Problem description. In your reply, restate all of the records below word for word.

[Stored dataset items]
══════════
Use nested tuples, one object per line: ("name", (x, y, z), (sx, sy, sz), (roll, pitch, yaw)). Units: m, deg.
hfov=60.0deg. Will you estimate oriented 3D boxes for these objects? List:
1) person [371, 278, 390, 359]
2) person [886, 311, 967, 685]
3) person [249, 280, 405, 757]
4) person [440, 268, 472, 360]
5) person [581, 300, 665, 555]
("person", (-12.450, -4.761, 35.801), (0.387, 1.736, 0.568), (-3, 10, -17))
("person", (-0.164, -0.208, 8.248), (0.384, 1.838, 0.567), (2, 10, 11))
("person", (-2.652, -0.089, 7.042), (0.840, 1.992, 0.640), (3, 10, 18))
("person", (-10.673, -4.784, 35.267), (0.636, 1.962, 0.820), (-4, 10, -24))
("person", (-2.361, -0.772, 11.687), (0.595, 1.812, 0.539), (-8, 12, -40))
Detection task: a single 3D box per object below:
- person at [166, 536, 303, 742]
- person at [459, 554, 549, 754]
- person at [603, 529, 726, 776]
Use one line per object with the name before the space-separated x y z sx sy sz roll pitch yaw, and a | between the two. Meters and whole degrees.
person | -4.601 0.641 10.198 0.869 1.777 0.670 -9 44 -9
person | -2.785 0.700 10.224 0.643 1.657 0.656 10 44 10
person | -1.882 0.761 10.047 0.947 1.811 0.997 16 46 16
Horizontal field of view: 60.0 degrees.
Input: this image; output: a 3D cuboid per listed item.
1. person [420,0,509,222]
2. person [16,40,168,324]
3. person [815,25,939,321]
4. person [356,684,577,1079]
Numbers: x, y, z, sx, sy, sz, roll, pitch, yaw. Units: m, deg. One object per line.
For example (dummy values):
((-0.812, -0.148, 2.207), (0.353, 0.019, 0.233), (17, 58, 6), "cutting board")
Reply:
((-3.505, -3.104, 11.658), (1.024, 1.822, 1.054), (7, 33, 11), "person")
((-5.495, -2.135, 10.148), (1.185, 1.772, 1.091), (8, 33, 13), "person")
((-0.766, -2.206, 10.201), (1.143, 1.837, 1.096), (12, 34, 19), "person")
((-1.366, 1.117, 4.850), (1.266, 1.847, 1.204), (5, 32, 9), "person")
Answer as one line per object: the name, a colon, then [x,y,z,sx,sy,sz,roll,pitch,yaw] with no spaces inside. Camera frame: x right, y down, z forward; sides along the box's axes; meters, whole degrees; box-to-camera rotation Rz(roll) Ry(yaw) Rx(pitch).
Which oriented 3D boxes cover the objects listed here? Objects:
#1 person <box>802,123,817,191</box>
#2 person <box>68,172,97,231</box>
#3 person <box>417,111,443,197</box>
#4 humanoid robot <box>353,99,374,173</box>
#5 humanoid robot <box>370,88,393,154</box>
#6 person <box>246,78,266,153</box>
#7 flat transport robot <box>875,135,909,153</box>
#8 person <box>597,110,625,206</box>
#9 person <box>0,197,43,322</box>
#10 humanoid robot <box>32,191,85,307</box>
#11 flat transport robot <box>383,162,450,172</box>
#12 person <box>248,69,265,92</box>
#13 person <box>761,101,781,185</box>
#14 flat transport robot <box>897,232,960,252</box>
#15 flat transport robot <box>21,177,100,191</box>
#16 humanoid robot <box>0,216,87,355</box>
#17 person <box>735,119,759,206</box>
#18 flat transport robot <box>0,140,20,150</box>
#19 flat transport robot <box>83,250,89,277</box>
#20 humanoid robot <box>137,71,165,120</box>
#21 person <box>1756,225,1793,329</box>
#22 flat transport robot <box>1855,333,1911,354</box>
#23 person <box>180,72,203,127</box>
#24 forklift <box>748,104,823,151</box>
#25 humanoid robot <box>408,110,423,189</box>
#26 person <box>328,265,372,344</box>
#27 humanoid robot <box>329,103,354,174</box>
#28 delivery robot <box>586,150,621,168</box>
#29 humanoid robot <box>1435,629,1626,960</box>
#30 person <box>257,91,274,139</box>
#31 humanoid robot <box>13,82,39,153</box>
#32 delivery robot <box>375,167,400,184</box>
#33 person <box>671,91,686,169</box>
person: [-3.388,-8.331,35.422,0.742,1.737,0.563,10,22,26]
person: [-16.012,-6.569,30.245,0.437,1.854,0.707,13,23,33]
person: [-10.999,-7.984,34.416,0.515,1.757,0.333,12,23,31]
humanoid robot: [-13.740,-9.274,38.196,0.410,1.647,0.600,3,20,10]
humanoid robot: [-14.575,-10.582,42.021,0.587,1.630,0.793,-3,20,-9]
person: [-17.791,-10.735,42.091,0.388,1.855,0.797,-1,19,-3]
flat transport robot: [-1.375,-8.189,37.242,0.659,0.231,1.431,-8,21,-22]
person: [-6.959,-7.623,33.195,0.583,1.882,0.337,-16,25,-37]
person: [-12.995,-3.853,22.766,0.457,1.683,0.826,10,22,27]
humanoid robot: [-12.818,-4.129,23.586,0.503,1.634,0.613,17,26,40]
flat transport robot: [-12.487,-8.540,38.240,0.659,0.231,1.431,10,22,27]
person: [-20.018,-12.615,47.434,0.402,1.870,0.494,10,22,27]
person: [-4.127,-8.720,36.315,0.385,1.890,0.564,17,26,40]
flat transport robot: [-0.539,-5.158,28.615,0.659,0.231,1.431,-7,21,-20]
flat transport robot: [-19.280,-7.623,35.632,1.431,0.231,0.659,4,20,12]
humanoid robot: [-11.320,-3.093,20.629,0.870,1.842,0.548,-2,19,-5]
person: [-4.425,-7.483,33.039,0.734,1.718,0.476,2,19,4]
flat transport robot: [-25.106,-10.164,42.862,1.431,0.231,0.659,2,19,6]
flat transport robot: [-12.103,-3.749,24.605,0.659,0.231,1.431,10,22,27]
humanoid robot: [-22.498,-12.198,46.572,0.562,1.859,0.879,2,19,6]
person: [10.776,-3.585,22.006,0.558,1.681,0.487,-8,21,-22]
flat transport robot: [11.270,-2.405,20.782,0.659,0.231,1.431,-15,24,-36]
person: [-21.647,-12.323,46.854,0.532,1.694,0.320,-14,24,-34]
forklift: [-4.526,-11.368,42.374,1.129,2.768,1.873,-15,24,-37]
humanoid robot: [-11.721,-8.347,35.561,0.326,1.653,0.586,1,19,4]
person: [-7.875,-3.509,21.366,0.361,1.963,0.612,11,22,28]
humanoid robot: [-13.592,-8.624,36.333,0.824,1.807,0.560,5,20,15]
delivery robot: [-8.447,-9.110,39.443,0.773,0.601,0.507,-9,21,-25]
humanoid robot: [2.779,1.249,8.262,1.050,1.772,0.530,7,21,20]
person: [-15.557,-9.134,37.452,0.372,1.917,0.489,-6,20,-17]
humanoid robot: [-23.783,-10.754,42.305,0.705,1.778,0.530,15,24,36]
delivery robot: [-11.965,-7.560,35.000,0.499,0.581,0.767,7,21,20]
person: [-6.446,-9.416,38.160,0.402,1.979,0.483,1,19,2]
══════════
Response area.
Use nested tuples, one object per line: ("name", (x, y, z), (sx, sy, sz), (roll, pitch, yaw)). Units: m, deg.
hfov=60.0deg. Will you estimate oriented 3D boxes for these objects? List:
1) person [371, 278, 390, 359]
2) person [886, 311, 967, 685]
3) person [249, 280, 405, 757]
4) person [440, 268, 472, 360]
5) person [581, 300, 665, 555]
("person", (-12.450, -4.761, 35.801), (0.387, 1.736, 0.568), (-3, 10, -17))
("person", (-0.164, -0.208, 8.248), (0.384, 1.838, 0.567), (2, 10, 11))
("person", (-2.652, -0.089, 7.042), (0.840, 1.992, 0.640), (3, 10, 18))
("person", (-10.673, -4.784, 35.267), (0.636, 1.962, 0.820), (-4, 10, -24))
("person", (-2.361, -0.772, 11.687), (0.595, 1.812, 0.539), (-8, 12, -40))
Detection task: a single 3D box per object below:
- person at [166, 536, 303, 742]
- person at [459, 554, 549, 754]
- person at [603, 529, 726, 776]
Use one line per object with the name before the space-separated x y z sx sy sz roll pitch yaw, and a | between the two. Meters and whole degrees.
person | -4.601 0.641 10.198 0.869 1.777 0.670 -9 44 -9
person | -2.785 0.700 10.224 0.643 1.657 0.656 10 44 10
person | -1.882 0.761 10.047 0.947 1.811 0.997 16 46 16
Horizontal field of view: 60.0 degrees.
Input: this image; output: a 3D cuboid per listed item.
1. person [420,0,509,222]
2. person [16,40,168,324]
3. person [815,25,939,321]
4. person [356,684,577,1079]
Numbers: x, y, z, sx, sy, sz, roll, pitch, yaw. Units: m, deg. One object per line.
For example (dummy values):
((-0.812, -0.148, 2.207), (0.353, 0.019, 0.233), (17, 58, 6), "cutting board")
Reply:
((-3.505, -3.104, 11.658), (1.024, 1.822, 1.054), (7, 33, 11), "person")
((-5.495, -2.135, 10.148), (1.185, 1.772, 1.091), (8, 33, 13), "person")
((-0.766, -2.206, 10.201), (1.143, 1.837, 1.096), (12, 34, 19), "person")
((-1.366, 1.117, 4.850), (1.266, 1.847, 1.204), (5, 32, 9), "person")
Answer as one line per object: the name, a colon, then [x,y,z,sx,sy,sz,roll,pitch,yaw] with no spaces inside. Camera frame: x right, y down, z forward; sides along the box's axes; meters, whole degrees; box-to-camera rotation Rz(roll) Ry(yaw) Rx(pitch).
Which oriented 3D boxes cover the objects listed here? Objects:
#1 person <box>802,123,817,191</box>
#2 person <box>68,172,97,231</box>
#3 person <box>417,111,443,197</box>
#4 humanoid robot <box>353,99,374,173</box>
#5 humanoid robot <box>370,88,393,154</box>
#6 person <box>246,78,266,153</box>
#7 flat transport robot <box>875,135,909,153</box>
#8 person <box>597,110,625,206</box>
#9 person <box>0,197,43,322</box>
#10 humanoid robot <box>32,191,85,307</box>
#11 flat transport robot <box>383,162,450,172</box>
#12 person <box>248,69,265,92</box>
#13 person <box>761,101,781,185</box>
#14 flat transport robot <box>897,232,960,252</box>
#15 flat transport robot <box>21,177,100,191</box>
#16 humanoid robot <box>0,216,87,355</box>
#17 person <box>735,119,759,206</box>
#18 flat transport robot <box>0,140,20,150</box>
#19 flat transport robot <box>83,250,89,277</box>
#20 humanoid robot <box>137,71,165,120</box>
#21 person <box>1756,225,1793,329</box>
#22 flat transport robot <box>1855,333,1911,354</box>
#23 person <box>180,72,203,127</box>
#24 forklift <box>748,104,823,151</box>
#25 humanoid robot <box>408,110,423,189</box>
#26 person <box>328,265,372,344</box>
#27 humanoid robot <box>329,103,354,174</box>
#28 delivery robot <box>586,150,621,168</box>
#29 humanoid robot <box>1435,629,1626,960</box>
#30 person <box>257,91,274,139</box>
#31 humanoid robot <box>13,82,39,153</box>
#32 delivery robot <box>375,167,400,184</box>
#33 person <box>671,91,686,169</box>
person: [-3.388,-8.331,35.422,0.742,1.737,0.563,10,22,26]
person: [-16.012,-6.569,30.245,0.437,1.854,0.707,13,23,33]
person: [-10.999,-7.984,34.416,0.515,1.757,0.333,12,23,31]
humanoid robot: [-13.740,-9.274,38.196,0.410,1.647,0.600,3,20,10]
humanoid robot: [-14.575,-10.582,42.021,0.587,1.630,0.793,-3,20,-9]
person: [-17.791,-10.735,42.091,0.388,1.855,0.797,-1,19,-3]
flat transport robot: [-1.375,-8.189,37.242,0.659,0.231,1.431,-8,21,-22]
person: [-6.959,-7.623,33.195,0.583,1.882,0.337,-16,25,-37]
person: [-12.995,-3.853,22.766,0.457,1.683,0.826,10,22,27]
humanoid robot: [-12.818,-4.129,23.586,0.503,1.634,0.613,17,26,40]
flat transport robot: [-12.487,-8.540,38.240,0.659,0.231,1.431,10,22,27]
person: [-20.018,-12.615,47.434,0.402,1.870,0.494,10,22,27]
person: [-4.127,-8.720,36.315,0.385,1.890,0.564,17,26,40]
flat transport robot: [-0.539,-5.158,28.615,0.659,0.231,1.431,-7,21,-20]
flat transport robot: [-19.280,-7.623,35.632,1.431,0.231,0.659,4,20,12]
humanoid robot: [-11.320,-3.093,20.629,0.870,1.842,0.548,-2,19,-5]
person: [-4.425,-7.483,33.039,0.734,1.718,0.476,2,19,4]
flat transport robot: [-25.106,-10.164,42.862,1.431,0.231,0.659,2,19,6]
flat transport robot: [-12.103,-3.749,24.605,0.659,0.231,1.431,10,22,27]
humanoid robot: [-22.498,-12.198,46.572,0.562,1.859,0.879,2,19,6]
person: [10.776,-3.585,22.006,0.558,1.681,0.487,-8,21,-22]
flat transport robot: [11.270,-2.405,20.782,0.659,0.231,1.431,-15,24,-36]
person: [-21.647,-12.323,46.854,0.532,1.694,0.320,-14,24,-34]
forklift: [-4.526,-11.368,42.374,1.129,2.768,1.873,-15,24,-37]
humanoid robot: [-11.721,-8.347,35.561,0.326,1.653,0.586,1,19,4]
person: [-7.875,-3.509,21.366,0.361,1.963,0.612,11,22,28]
humanoid robot: [-13.592,-8.624,36.333,0.824,1.807,0.560,5,20,15]
delivery robot: [-8.447,-9.110,39.443,0.773,0.601,0.507,-9,21,-25]
humanoid robot: [2.779,1.249,8.262,1.050,1.772,0.530,7,21,20]
person: [-15.557,-9.134,37.452,0.372,1.917,0.489,-6,20,-17]
humanoid robot: [-23.783,-10.754,42.305,0.705,1.778,0.530,15,24,36]
delivery robot: [-11.965,-7.560,35.000,0.499,0.581,0.767,7,21,20]
person: [-6.446,-9.416,38.160,0.402,1.979,0.483,1,19,2]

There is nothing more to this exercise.